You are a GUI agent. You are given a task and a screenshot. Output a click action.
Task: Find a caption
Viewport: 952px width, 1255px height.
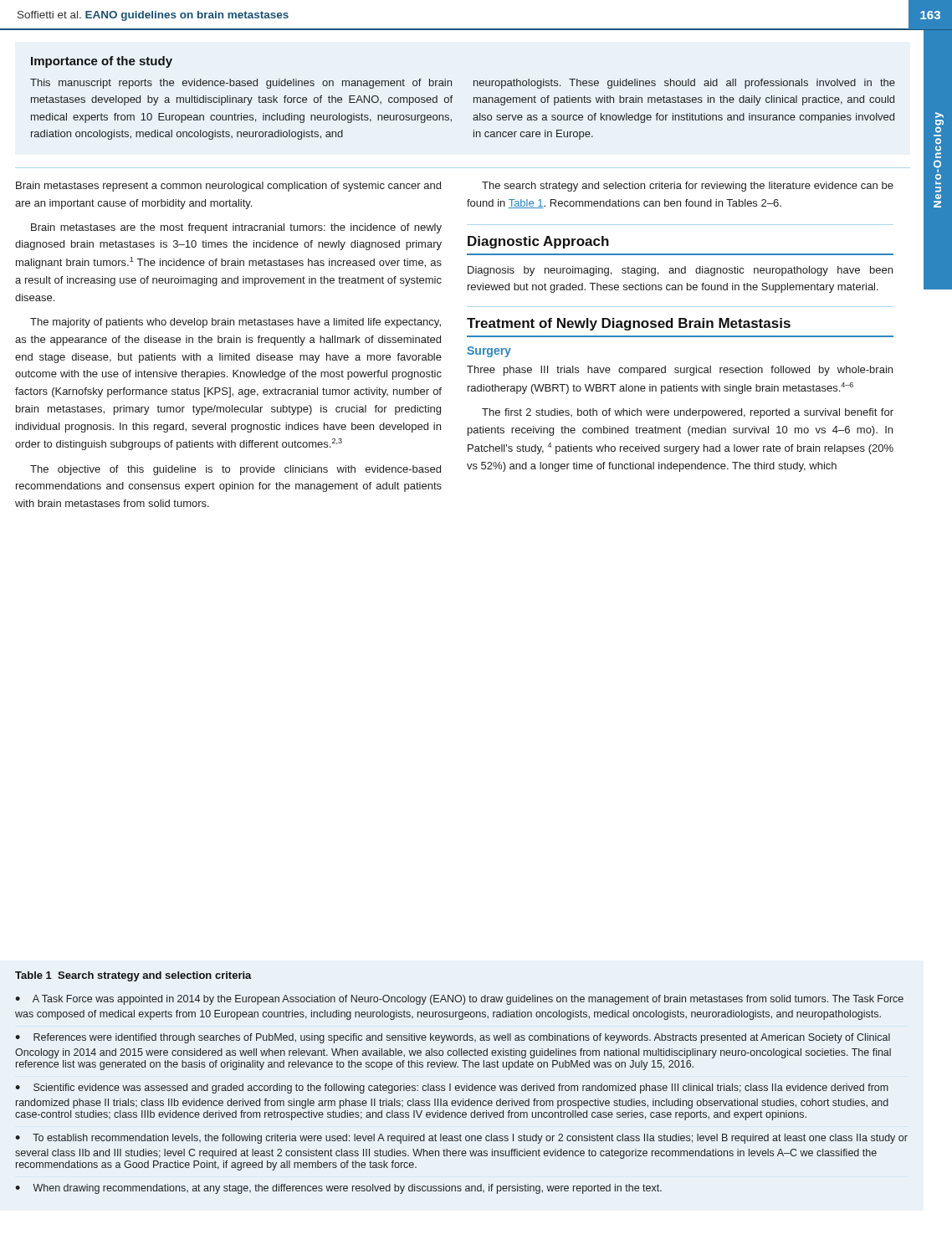(x=133, y=975)
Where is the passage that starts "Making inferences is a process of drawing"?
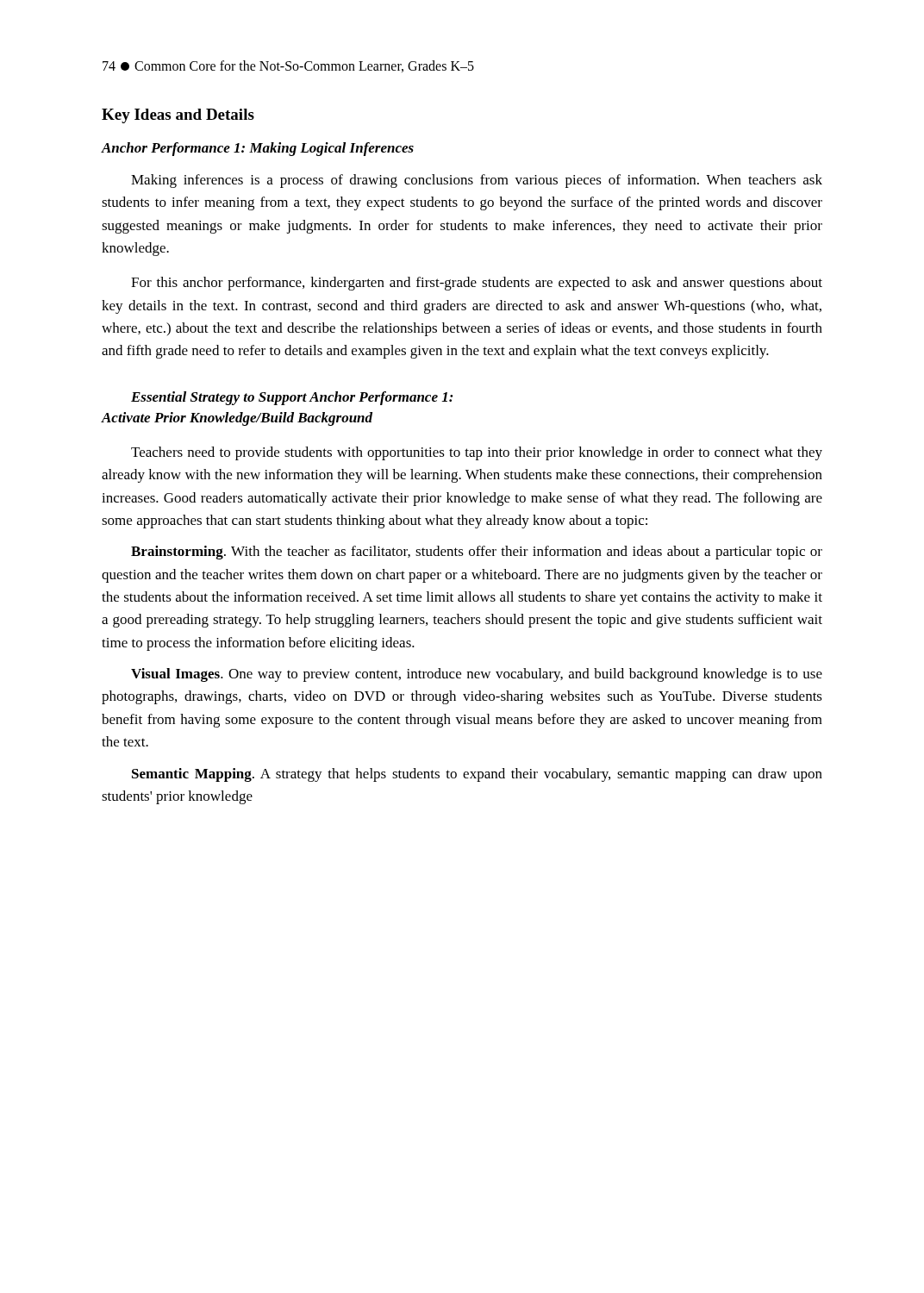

+---+

DIRECTIONS.
When you retype the material above, keep every word exact and drop the images.

RESPONSE BOX.
You are a GUI agent. You are given a task and a screenshot. Output a click action.
Task: Find a caption
Viewport: 952px width, 1255px height.
(x=133, y=975)
Where is the passage that starts "Making inferences is a process of drawing"?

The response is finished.